What you need to do
Within the data that follows, tally every line containing "object". Provide only the tally.

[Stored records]
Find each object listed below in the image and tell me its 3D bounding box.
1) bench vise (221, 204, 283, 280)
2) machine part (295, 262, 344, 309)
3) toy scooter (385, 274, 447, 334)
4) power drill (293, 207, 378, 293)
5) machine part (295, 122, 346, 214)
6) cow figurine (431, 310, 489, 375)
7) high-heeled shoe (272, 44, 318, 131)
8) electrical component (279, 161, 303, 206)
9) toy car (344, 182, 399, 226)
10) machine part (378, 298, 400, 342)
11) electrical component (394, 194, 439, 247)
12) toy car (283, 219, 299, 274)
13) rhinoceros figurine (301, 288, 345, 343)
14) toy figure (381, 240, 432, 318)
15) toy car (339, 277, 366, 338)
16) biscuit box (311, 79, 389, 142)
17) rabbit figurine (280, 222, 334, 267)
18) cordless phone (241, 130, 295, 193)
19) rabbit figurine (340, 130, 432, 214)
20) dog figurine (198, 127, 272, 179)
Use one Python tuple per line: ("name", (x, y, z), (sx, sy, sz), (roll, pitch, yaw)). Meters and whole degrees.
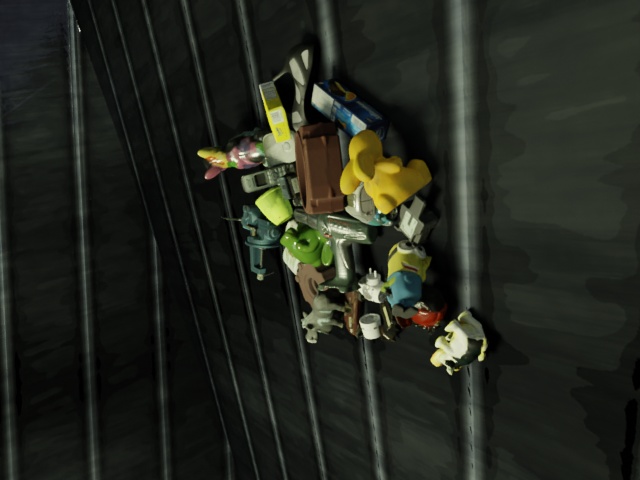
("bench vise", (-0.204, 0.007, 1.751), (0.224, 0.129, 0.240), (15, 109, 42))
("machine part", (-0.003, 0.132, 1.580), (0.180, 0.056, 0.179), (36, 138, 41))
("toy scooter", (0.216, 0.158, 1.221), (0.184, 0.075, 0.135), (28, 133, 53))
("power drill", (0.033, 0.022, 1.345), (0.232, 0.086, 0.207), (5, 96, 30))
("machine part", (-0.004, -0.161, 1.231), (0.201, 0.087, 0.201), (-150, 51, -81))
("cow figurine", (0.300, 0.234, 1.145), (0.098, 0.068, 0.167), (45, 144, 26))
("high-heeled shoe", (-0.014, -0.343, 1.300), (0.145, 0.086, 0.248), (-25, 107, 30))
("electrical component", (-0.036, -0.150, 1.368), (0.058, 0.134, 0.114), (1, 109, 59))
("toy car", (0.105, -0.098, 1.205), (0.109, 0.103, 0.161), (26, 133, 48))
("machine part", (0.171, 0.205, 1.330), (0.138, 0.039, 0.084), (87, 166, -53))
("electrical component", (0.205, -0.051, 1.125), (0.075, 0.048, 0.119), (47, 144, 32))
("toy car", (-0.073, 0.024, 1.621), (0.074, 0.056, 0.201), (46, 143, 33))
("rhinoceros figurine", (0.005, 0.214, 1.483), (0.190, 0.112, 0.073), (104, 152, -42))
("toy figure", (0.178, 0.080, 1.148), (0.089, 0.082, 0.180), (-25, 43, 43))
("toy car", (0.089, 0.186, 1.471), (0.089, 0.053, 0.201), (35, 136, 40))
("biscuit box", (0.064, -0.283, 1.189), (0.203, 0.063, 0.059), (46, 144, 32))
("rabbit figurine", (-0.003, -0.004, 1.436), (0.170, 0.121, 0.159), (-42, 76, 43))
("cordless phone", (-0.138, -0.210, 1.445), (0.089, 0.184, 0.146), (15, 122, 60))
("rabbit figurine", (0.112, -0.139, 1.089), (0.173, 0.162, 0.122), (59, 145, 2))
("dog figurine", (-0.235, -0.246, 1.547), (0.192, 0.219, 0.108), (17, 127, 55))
==
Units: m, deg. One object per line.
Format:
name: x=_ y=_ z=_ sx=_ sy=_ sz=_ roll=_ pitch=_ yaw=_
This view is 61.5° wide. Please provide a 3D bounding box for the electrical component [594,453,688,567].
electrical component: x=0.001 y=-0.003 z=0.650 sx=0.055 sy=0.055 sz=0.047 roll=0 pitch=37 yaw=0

Result for this exercise
2